始末屋

やっぱり…かなりの実力…。


不味い…。
早く倒さないと…玲央奈君が来たら最悪の状況に変わる…。



「雷神刀…陰怒雷…。」


楓は十手をしまい、刀を出した。



あれは…デスアビスと戦った時に出してた刀…。


居合い斬りで斬られたら…落雷に包まれるやつだ。



「時間ないから速攻で決着つけるわ。」


俺は手を広げた。


「魔剣…シエル!!」


辰馬さんが使っていた漆黒の剣を出した。


「俺も…早く決着つけたいと思ってた。ここからは手加減しない。」


蝶ネクタイを外し、ボロボロになったジャケットを脱いだ。


楓は鞘から刀を抜き、斬りかかってくる。


シエルで受け、楓の目を見た。


すると楓の動きが止まり、顔面を蹴り上げて体を斬った。


「グハッ…!何や…今の…?」


楓は俺から距離を取って言った。


「ガーディアン・アイ。目が合った者の動きを3秒止めることができる。」


俺は楓に斬りかかった。


楓は刀を鞘に納めた。


居合い斬りか…!!


動きを止めて、後ろに下がろうとした。


「気付くのが遅いわ。

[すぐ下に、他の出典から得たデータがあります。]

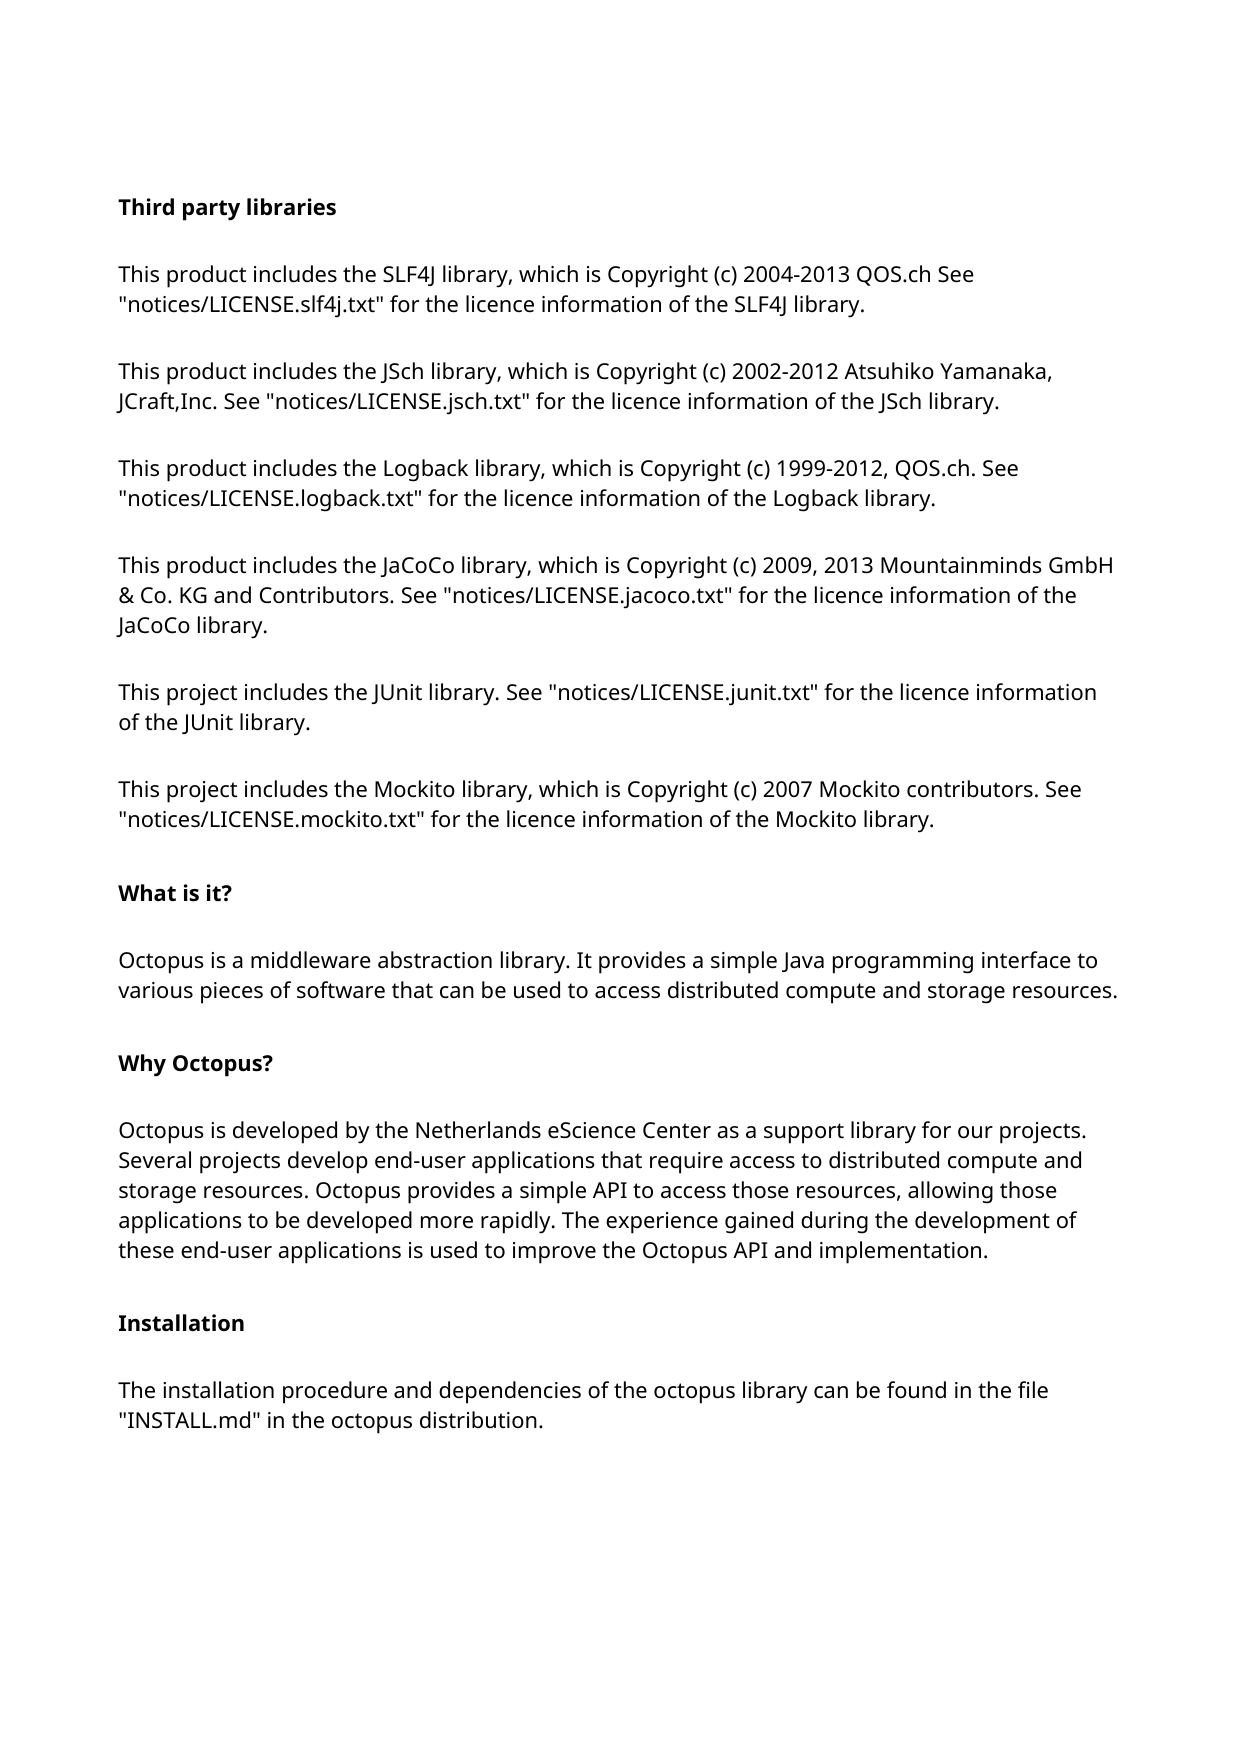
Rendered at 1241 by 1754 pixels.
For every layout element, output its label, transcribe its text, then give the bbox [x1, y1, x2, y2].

text This project includes the JUnit library. See "notices/LICENSE.junit.txt" for the licence information of the JUnit library. [118, 677, 1122, 737]
text This product includes the Logback library, which is Copyright (c) 1999-2012, QOS.ch. See "notices/LICENSE.logback.txt" for the licence information of the Logback library. [118, 453, 1122, 513]
text Octopus is a middleware abstraction library. It provides a simple Java programming interface to various pieces of software that can be used to access distributed compute and storage resources. [118, 945, 1122, 1004]
text Octopus is developed by the Netherlands eScience Center as a support library for our projects. Several projects develop end-user applications that require access to distributed compute and storage resources. Octopus provides a simple API to access those resources, allowing those applications to be developed more rapidly. The experience gained during the development of these end-user applications is used to improve the Octopus API and implementation. [118, 1115, 1122, 1264]
text Why Octopus? [118, 1048, 1122, 1078]
text This product includes the JaCoCo library, which is Copyright (c) 2009, 2013 Mountainminds GmbH & Co. KG and Contributors. See "notices/LICENSE.jacoco.txt" for the licence information of the JaCoCo library. [118, 550, 1122, 639]
text This project includes the Mockito library, which is Copyright (c) 2007 Mockito contributors. See "notices/LICENSE.mockito.txt" for the licence information of the Mockito library. [118, 774, 1122, 834]
text Third party libraries [118, 192, 1122, 221]
text This product includes the SLF4J library, which is Copyright (c) 2004-2013 QOS.ch See "notices/LICENSE.slf4j.txt" for the licence information of the SLF4J library. [118, 259, 1122, 318]
text What is it? [118, 877, 1122, 907]
text This product includes the JSch library, which is Copyright (c) 2002-2012 Atsuhiko Yamanaka, JCraft,Inc. See "notices/LICENSE.jsch.txt" for the licence information of the JSch library. [118, 356, 1122, 416]
text The installation procedure and dependencies of the octopus library can be found in the file "INSTALL.md" in the octopus distribution. [118, 1375, 1122, 1435]
text Installation [118, 1308, 1122, 1338]
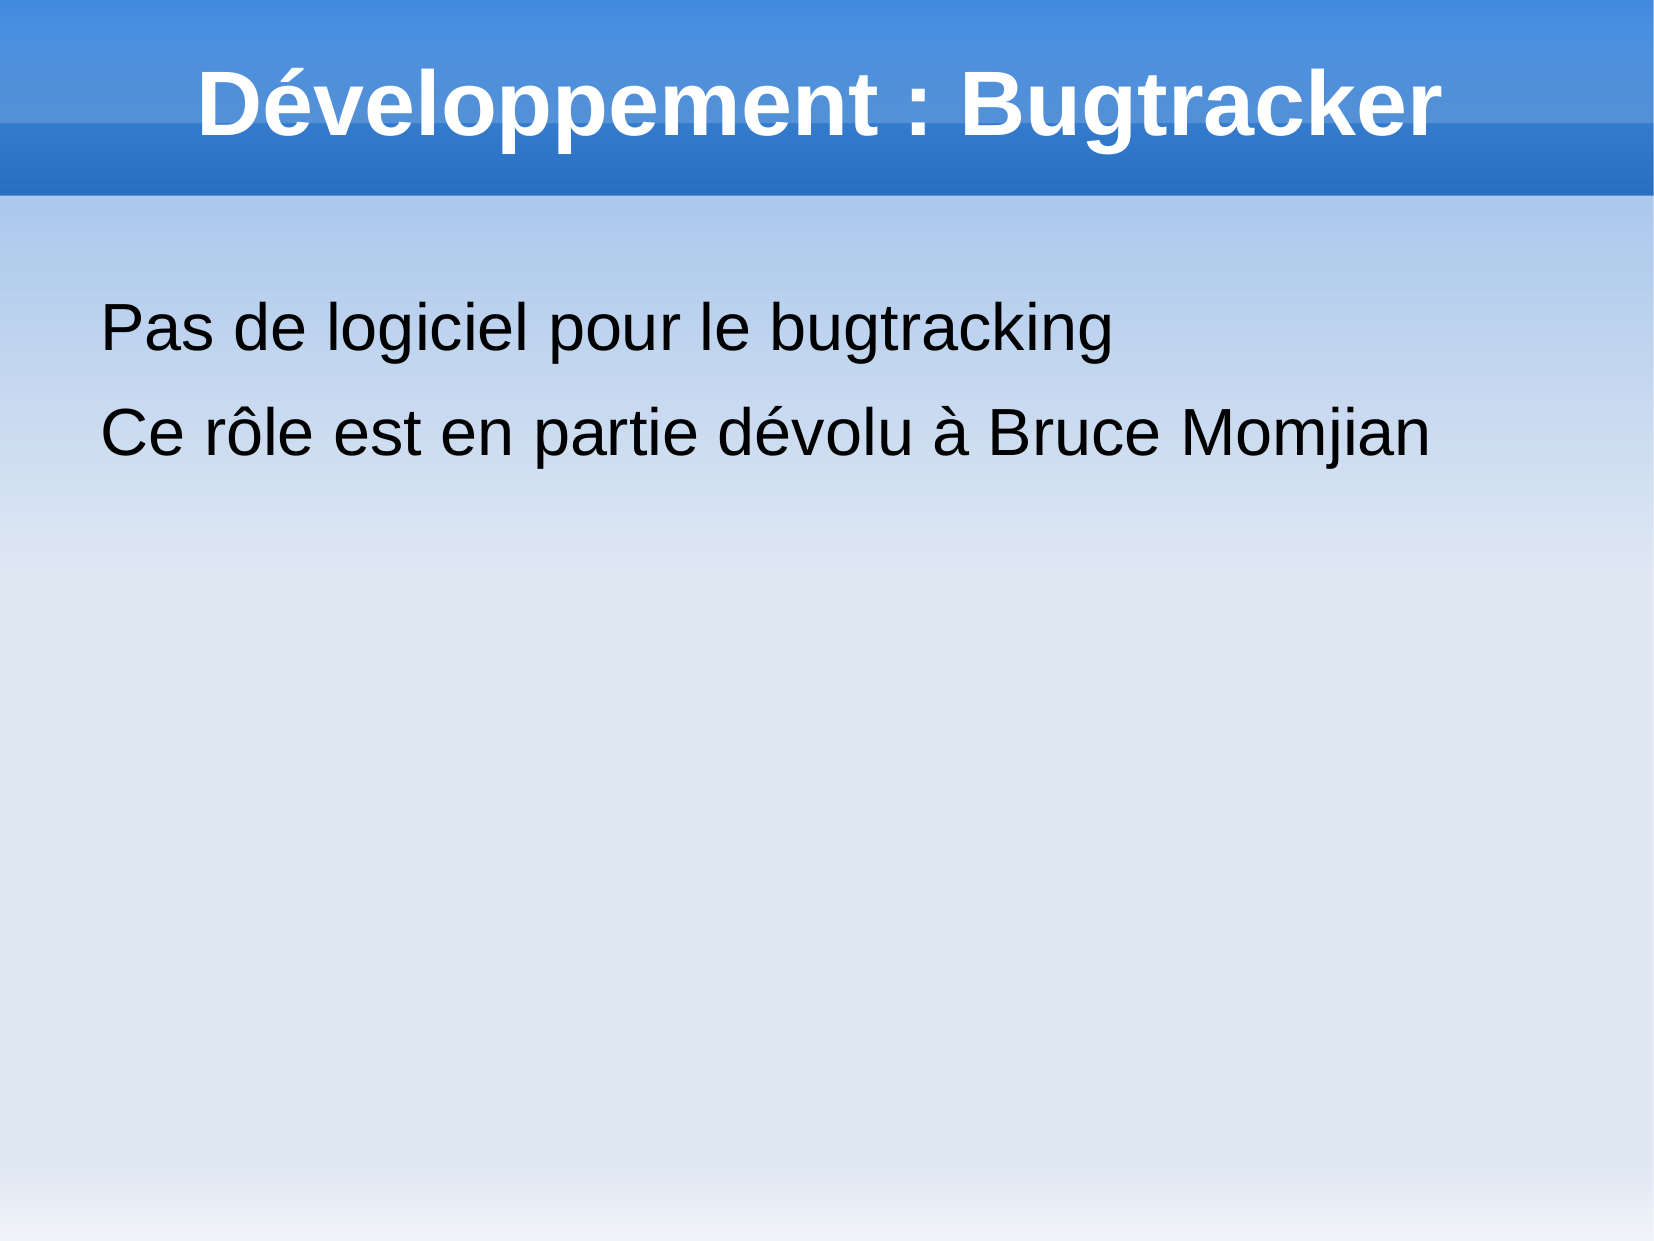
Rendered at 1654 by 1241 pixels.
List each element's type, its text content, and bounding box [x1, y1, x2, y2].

list Pas de logiciel pour le bugtracking Ce rôle est en partie dévolu à Bruce Momjian [82, 290, 1571, 1094]
picture [0, 0, 1654, 1241]
title Développement : Bugtracker [76, 7, 1565, 200]

雷爪…一閃!!」



ガキンッ…!!


「何っ…?!」


シエルで刀を受け止めた。


「遅くても平気だ!それより…俺の間合いに入ってるよ?」



楓の胸ぐらを掴み、ガーディアン・アイを発動させた。


「またか…?!」


「シエル…。力を解放して。」


シエルが闇に包まれ、柄に目玉が浮かび上がった。